[wijwij]

I know this is an old thread, but I have recently been giving some thought to examining the percent change between blind levels, to avoid doubling.

The blind schedule I am thinking of using tries to keep the % increase in blinds as consistent as possible -- omitting any "double" jumps.

I use a "2-3-4-6" pattern for the number of chips in the small blind.
By repeating this pattern, the ratio of consecutive blinds is always either 3:2 or 4:3 or 5:3, that is, 50%, 33%, or 66% increases only.

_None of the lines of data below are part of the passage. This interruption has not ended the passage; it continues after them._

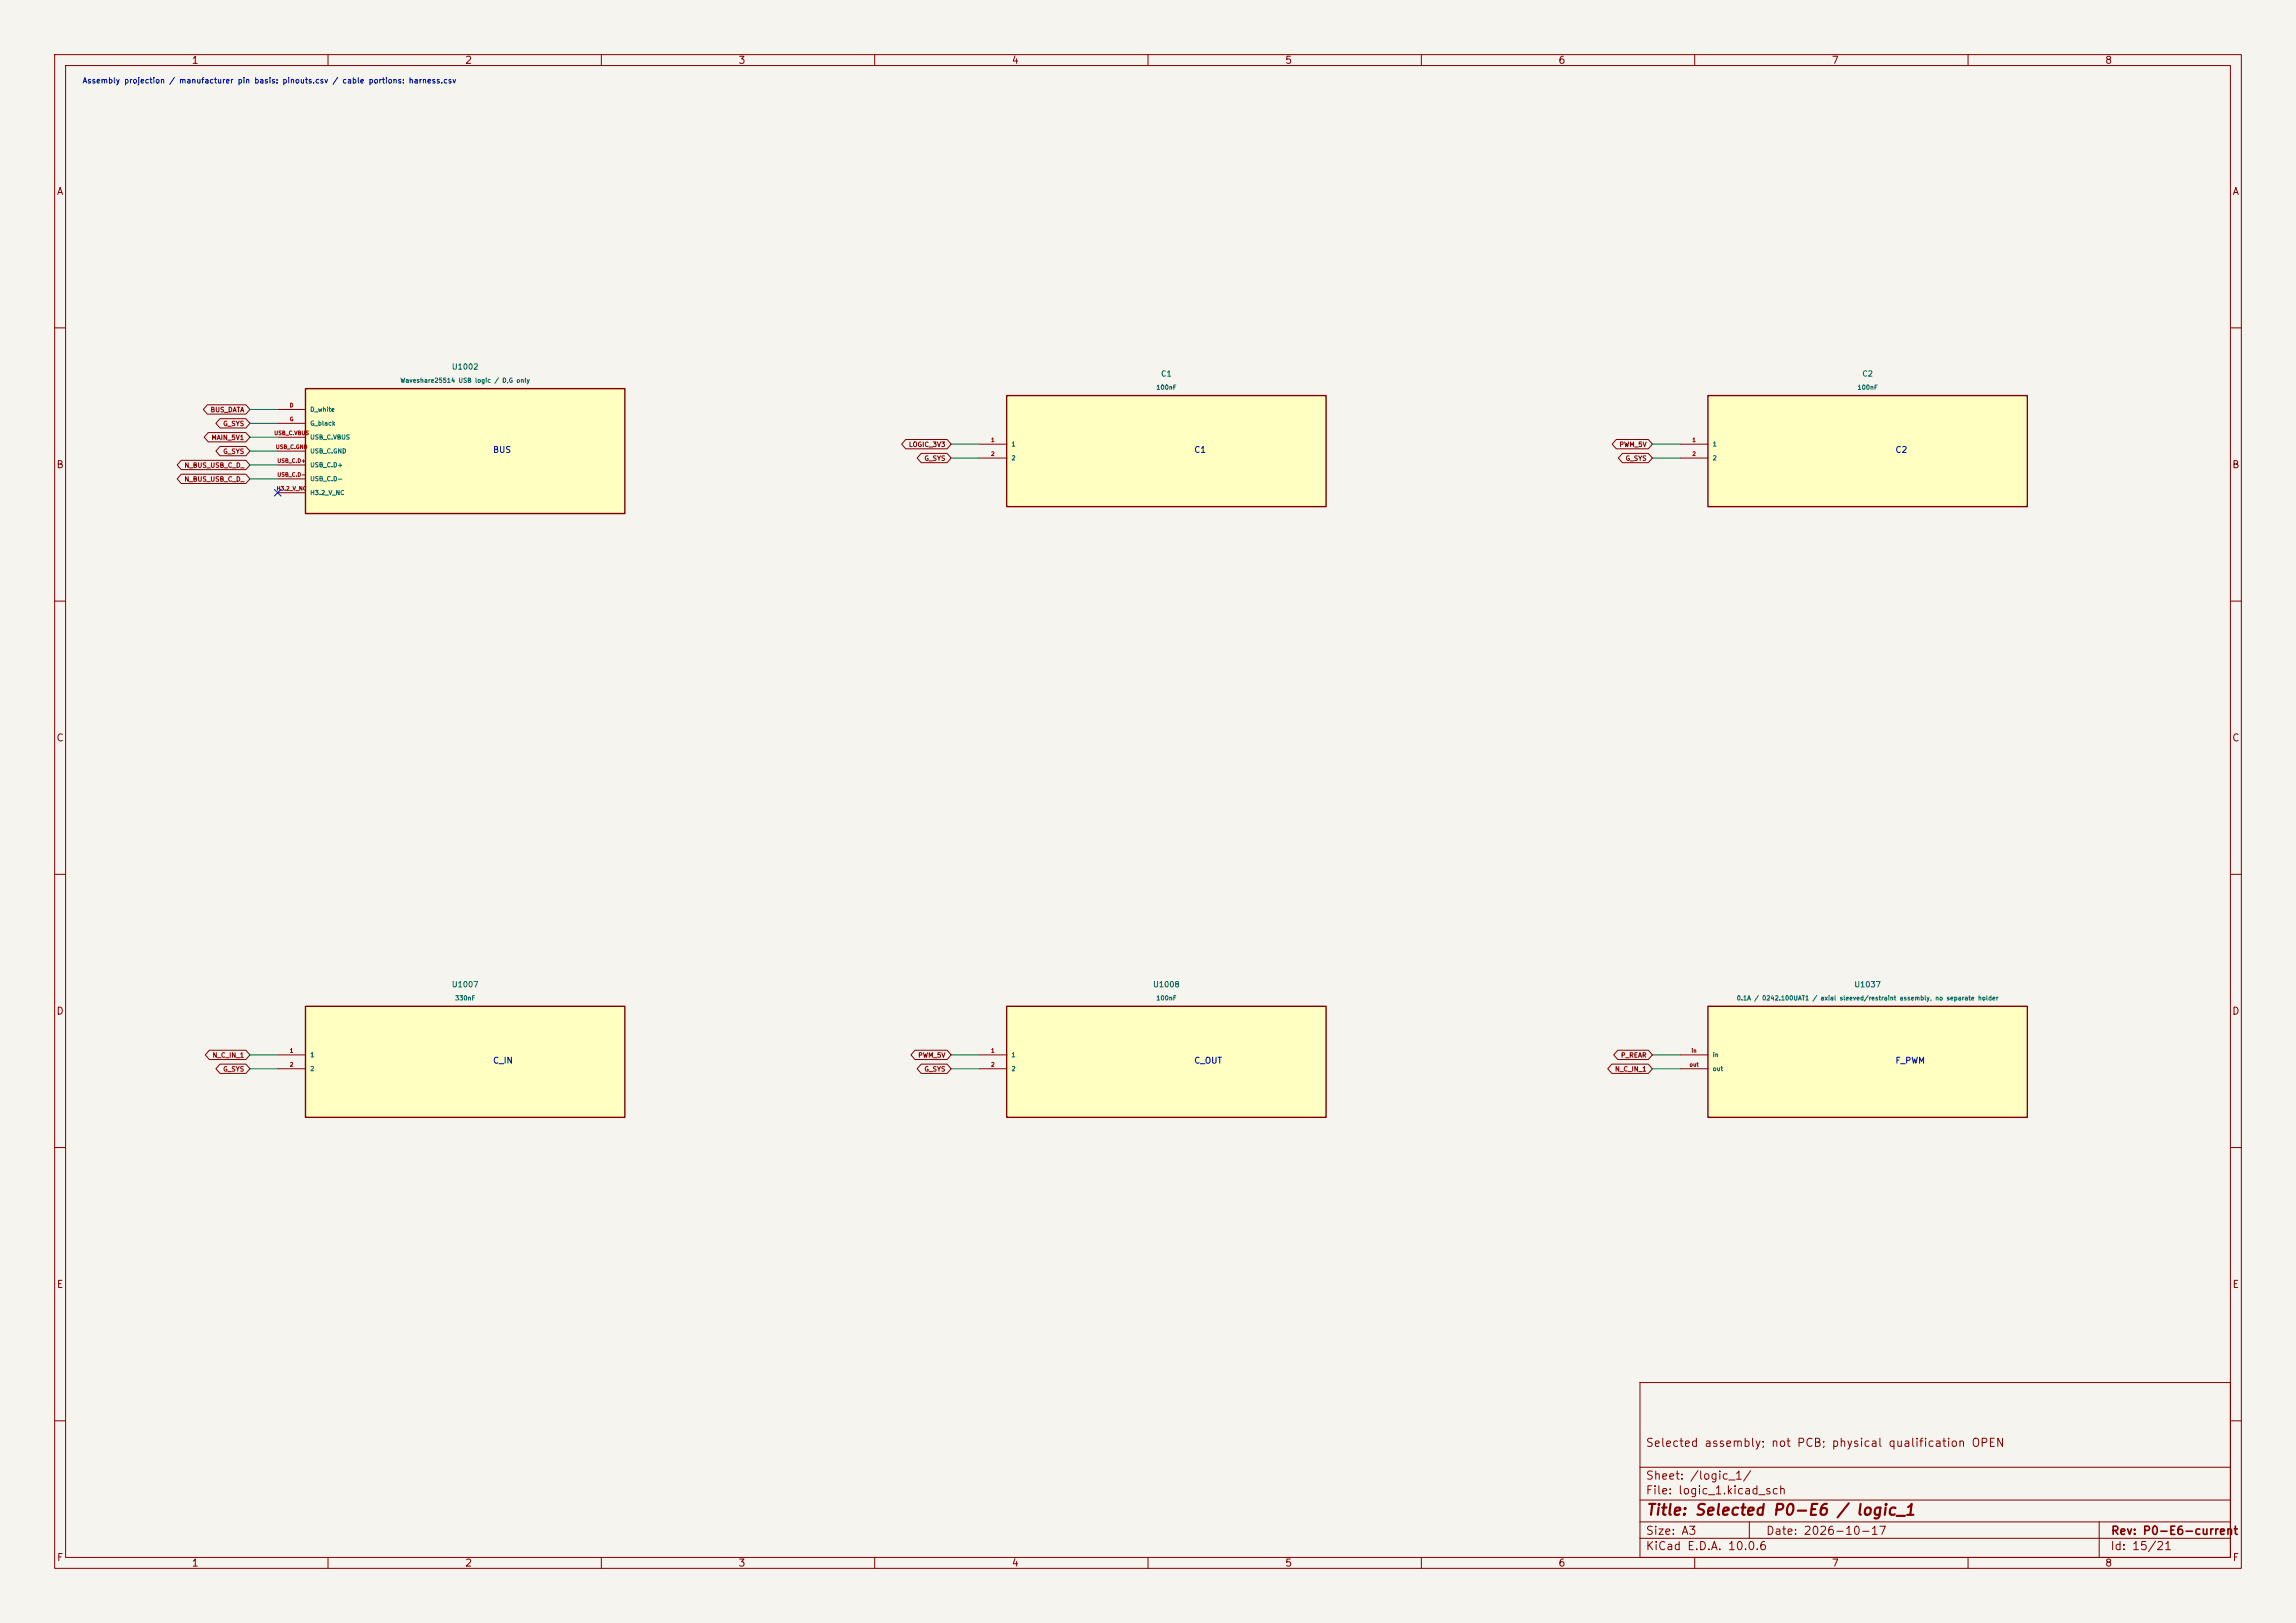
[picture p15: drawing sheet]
<svg xmlns="http://www.w3.org/2000/svg" width="420mm" height="297mm" viewBox="0 0 420 297" stroke-linecap="round" stroke-linejoin="round" font-family="sans-serif">
<defs><g id="words">
<text font-size="2" fill="#840000" x="301" y="277.8">Title: Selected P0-E6 / logic_1</text>
<g font-size="1.5" fill="#840000">
<text x="300.9" y="265.1">Selected assembly; not PCB; physical qualification OPEN</text>
<text x="300.9" y="273.8">File: logic_1.kicad_sch</text>
<text x="300.9" y="271.1">Sheet: /logic_1/</text>
<text x="300.9" y="281.2">Size: A3</text>
<text x="322.9" y="281.2">Date: 2026-10-17</text>
<text x="386" y="281.2">Rev: P0-E6-current</text>
<text x="300.9" y="284">KiCad E.D.A. 10.0.6</text>
<text x="385.9" y="284">Id: 15/21</text>
</g>
<g font-size="1.3" fill="#840000">
<text x="35" y="12">1</text>
<text x="85" y="12">2</text>
<text x="135" y="12">3</text>
<text x="185" y="12">4</text>
<text x="235" y="12">5</text>
<text x="285" y="12">6</text>
<text x="335" y="12">7</text>
<text x="385" y="12">8</text>
<text x="10.3" y="36">A</text>
<text x="408.3" y="36">A</text>
<text x="10.2" y="86">B</text>
<text x="408.2" y="86">B</text>
<text x="10.2" y="136">C</text>
<text x="408.2" y="136">C</text>
<text x="10.2" y="186">D</text>
<text x="408.2" y="186">D</text>
<text x="10.3" y="236">E</text>
<text x="408.3" y="236">E</text>
<text x="10.3" y="286">F</text>
<text x="35" y="287">1</text>
<text x="85" y="287">2</text>
<text x="135" y="287">3</text>
<text x="185" y="287">4</text>
<text x="235" y="287">5</text>
<text x="285" y="287">6</text>
<text x="335" y="287">7</text>
<text x="385" y="287">8</text>
<text x="408.3" y="286">F</text>
</g>
<g font-size="1.1" fill="#0000c2">
<text x="90.1" y="83.1">BUS</text>
<text x="218.4" y="83.1">C1</text>
<text x="346.6" y="83.1">C2</text>
<text x="90.1" y="194.9">C_IN</text>
<text x="218.4" y="194.9">C_OUT</text>
<text x="346.6" y="194.9">F_PWM</text>
</g>
<text font-size="1" fill="#0000c2" x="15" y="15.5">Assembly projection / manufacturer pin basis: pinouts.csv / cable portions: harness.csv</text>
<g font-size="1" fill="#006464">
<text x="82.6" y="67.9">U1002</text>
<text x="212.3" y="69.1">C1</text>
<text x="340.6" y="69.1">C2</text>
<text x="82.6" y="180.9">U1007</text>
<text x="210.8" y="180.9">U1008</text>
<text x="339.1" y="180.9">U1037</text>
</g>
<g font-size=".9" fill="#840000">
<text x="38.4" y="75.6">BUS_DATA</text>
<text x="38.6" y="80.7">MAIN_5V1</text>
<text x="40.7" y="78.2">G_SYS</text>
<text x="40.7" y="83.3">G_SYS</text>
<text x="166.2" y="82">LOGIC_3V3</text>
<text x="296.1" y="82">PWM_5V</text>
<text x="33.6" y="85.8">N_BUS_USB_C_D_</text>
<text x="33.6" y="88.3">N_BUS_USB_C_D_</text>
<text x="169" y="84.5">G_SYS</text>
<text x="297.3" y="84.5">G_SYS</text>
<text x="38.8" y="193.7">N_C_IN_1</text>
<text x="40.7" y="196.3">G_SYS</text>
<text x="167.9" y="193.7">PWM_5V</text>
<text x="169" y="196.3">G_SYS</text>
<text x="295.3" y="196.3">N_C_IN_1</text>
<text x="296.4" y="193.7">P_REAR</text>
</g>
<g font-size=".8" fill="#006464">
<text x="73.2" y="70.2">Waveshare25514 USB logic / D,G only</text>
<text x="211.4" y="71.5">100nF</text>
<text x="339.7" y="71.5">100nF</text>
<text x="56.7" y="75.5">D_white</text>
<text x="56.7" y="78.1">G_black</text>
<text x="56.7" y="83.2">USB_C.GND</text>
<text x="56.7" y="80.6">USB_C.VBUS</text>
<text x="184.9" y="81.9">1</text>
<text x="313.2" y="81.9">1</text>
<text x="56.7" y="85.7">USB_C.D+</text>
<text x="56.7" y="88.2">USB_C.D-</text>
<text x="184.9" y="84.4">2</text>
<text x="313.2" y="84.4">2</text>
<text x="56.7" y="90.8">H3.2_V_NC</text>
<text x="83.2" y="183.3">330nF</text>
<text x="211.4" y="183.3">100nF</text>
<text x="317.6" y="183.3">0.1A / 0242.100UAT1 / axial sleeved/restraint assembly, no separate holder</text>
<text x="56.7" y="193.6">1</text>
<text x="56.7" y="196.2">2</text>
<text x="184.9" y="193.6">1</text>
<text x="184.9" y="196.2">2</text>
<text x="313.2" y="193.6">in</text>
<text x="313.2" y="196.2">out</text>
</g>
<g font-size=".7" fill="#a90000">
<text x="52.9" y="74.7">D</text>
<text x="52.9" y="77.2">G</text>
<text x="50.1" y="79.8">USB_C.VBUS</text>
<text x="50.4" y="82.3">USB_C.GND</text>
<text x="181.2" y="81">1</text>
<text x="181.2" y="83.6">2</text>
<text x="309.5" y="81">1</text>
<text x="309.5" y="83.6">2</text>
<text x="50.5" y="89.9">H3.2_V_NC</text>
<text x="50.7" y="84.9">USB_C.D+</text>
<text x="50.7" y="87.4">USB_C.D-</text>
<text x="52.9" y="192.8">1</text>
<text x="52.9" y="195.3">2</text>
<text x="181.2" y="192.8">1</text>
<text x="181.2" y="195.3">2</text>
<text x="309" y="195.3">out</text>
<text x="309.3" y="192.8">in</text>
</g>
</g></defs>
<path d="M0 0h420v297h-420z" fill="#f5f4ef" stroke="#f5f4ef" stroke-width=".18"/>
<g fill="none" stroke="#840000" stroke-width=".18">
<path d="M10 10h400v277h-400zM12 12h396v273h-396zM60 10v2M110 10v2M160 10v2M210 10v2M260 10v2M310 10v2M360 10v2M10 60h2M408 60h2M10 110h2"/>
<path d="M408 110h2M10 160h2M408 160h2M10 210h2M408 210h2M300 253h108v32h-108zM10 260h2M300 278.5h108M300 274.5h108M300 268.5h108M320 278.5v3M384 278.5v6.5"/>
<path d="M408 260h2M60 285v2M110 285v2M160 285v2M210 285v2M260 285v2M300 281.5h108M310 285v2M360 285v2"/>
</g>
<path d="M184.1 184.2h58.5v20.3h-58.5z" fill="#ffffc2"/>
<path d="M184.1 184.2h58.5v20.3h-58.5z" fill="none" stroke="#840000" stroke-width=".25"/>
<path d="M179.1 193h5M179.1 195.6h5" fill="none" stroke="#840000" stroke-width=".18"/>
<path d="M312.4 72.4h58.4v20.3h-58.4z" fill="#ffffc2"/>
<path d="M312.4 72.4h58.4v20.3h-58.4z" fill="none" stroke="#840000" stroke-width=".25"/>
<path d="M307.3 81.3h5.1M307.3 83.8h5.1" fill="none" stroke="#840000" stroke-width=".18"/>
<path d="M55.9 71.1h58.4v22.9h-58.4z" fill="#ffffc2"/>
<path d="M55.9 71.1h58.4v22.9h-58.4z" fill="none" stroke="#840000" stroke-width=".25"/>
<path d="M50.8 74.9h5.1M50.8 77.5h5.1M50.8 90.2h5.1M50.8 85.1h5.1M50.8 87.6h5.1M50.8 82.6h5.1M50.8 80h5.1" fill="none" stroke="#840000" stroke-width=".18"/>
<path d="M55.9 184.2h58.4v20.3h-58.4z" fill="#ffffc2"/>
<path d="M55.9 184.2h58.4v20.3h-58.4z" fill="none" stroke="#840000" stroke-width=".25"/>
<path d="M50.8 193h5.1M50.8 195.6h5.1" fill="none" stroke="#840000" stroke-width=".18"/>
<path d="M184.1 72.4h58.5v20.3h-58.5z" fill="#ffffc2"/>
<path d="M184.1 72.4h58.5v20.3h-58.5z" fill="none" stroke="#840000" stroke-width=".25"/>
<path d="M179.1 81.3h5M179.1 83.8h5" fill="none" stroke="#840000" stroke-width=".18"/>
<path d="M312.4 184.2h58.4v20.3h-58.4z" fill="#ffffc2"/>
<path d="M312.4 184.2h58.4v20.3h-58.4z" fill="none" stroke="#840000" stroke-width=".25"/>
<g fill="none" stroke="#840000" stroke-width=".18">
<path d="M37.9 74.1h7.1l.7 .8-.7 .9h-7.1l-.7-.9zM38.1 79.2h6.9l.7 .8-.7 .9h-6.9l-.8-.9zM40.2 76.6h4.8l.7 .9-.7 .8h-4.8l-.7-.8zM33.2 84.2h11.8l.7 .9-.7 .8h-11.8l-.8-.8zM33.2 86.8h11.8l.7 .8-.7 .9h-11.8l-.8-.9zM40.2 81.7h4.8l.7 .9-.7 .8h-4.8l-.7-.8zM165.7 80.4h7.5l.8 .9-.8 .8h-7.5l-.8-.8zM168.5 83h4.7l.8 .8-.8 .9h-4.7l-.7-.9zM295.6 80.4h5.9l.8 .9-.8 .8h-5.9l-.7-.8zM296.8 83h4.7l.8 .8-.8 .9h-4.7l-.8-.9zM38.3 192.2h6.7l.7 .8-.7 .9h-6.7l-.7-.9zM40.2 194.7h4.8l.7 .9-.7 .8h-4.8l-.7-.8z"/>
<path d="M167.4 192.2h5.8l.8 .8-.8 .9h-5.8l-.8-.9zM168.5 194.7h4.7l.8 .9-.8 .8h-4.7l-.7-.8zM294.8 194.7h6.7l.8 .9-.8 .8h-6.7l-.7-.8zM295.9 192.2h5.6l.8 .8-.8 .9h-5.6l-.7-.9zM307.3 193h5.1M307.3 195.6h5.1"/>
</g>
<g fill="none" stroke="#009600" stroke-width=".18">
<path d="M45.7 74.9h5.1M45.7 77.5h5.1M45.7 87.6h5.1M45.7 85.1h5.1M45.7 80h5.1M45.7 82.6h5.1M174 81.3h5.1M174 83.8h5.1M302.3 81.3h5M302.3 83.8h5M45.7 195.6h5.1M45.7 193h5.1"/>
<path d="M174 195.6h5.1M174 193h5.1M302.3 195.6h5M302.3 193h5"/>
</g>
<path d="M50.2 89.6l1.2 1.2M51.4 89.6l-1.2 1.2" fill="none" stroke="#000084" stroke-width=".18"/>
<use href="#words"/>
</svg>

Using this pattern with T1, T5, T25, T100, T500 chips yields the following pattern shown below.


Universal blind schedule.
(Percent of increase between blinds is shown in parentheses.)

2 4 ----- <-- start T200 here
3 6 (50%)
4 8 (33%)
6 12 (50%)
---- color up W ----
10 20 (66%) <-- start T1000 here
15 30 (50%)
20 40 (33%)
30 60 (50%)
---- color up R ----
50 100 (66%) <-- start T5000 here
75 150 (50%)
100 200 (33%) <-- start T10,000 here
150 300 (50%)
---- color up G ----
200 400 (33%)
300 600 (50%)
400 800 (33%)
600 1200 (50%)
---- color up K ----
1000 2000 (66%)
1500 3000 (50%)
2000 4000 (33%)
3000 6000 (50%)
---- color up P ----
5000 10000 etc.

The advantage of this schedule is it is easy to remember and can be used for many different tournaments. Just choose where to start based on your starting stack divided by 100. Tourneys with this structure reach a big blind equal to starting stack at level 10 or 11.

The above idea does need minor tweaking for certain chip counts. For example, to do a T2000 or T2500 that starts with T25 as the lowest chip and doesn't use T5 chips, you'd probably add a 25-25 and 25-50 level and then continue from the 50-100 point in the schedule above.

I have to give some thought to the question raised earlier in this thread, about the actual effect of increases in relation not only to starting stack size, but average stack size at various points in a tournament. If the average stack size changes in a non-linear way, then maybe a blind schedule could be devised to acknowledge this. Then again, when assessing a blind schedule, you might best be served by presuming you are looking at it from the perspective of the "average" player -- that is, a hypothetical player who always just happens to have an average stack at every point in the tourney. It would be interesting to look at a blind schedule from this point of view -- how does the actual increment of a blind level change (not the % change) compare to the average stack size?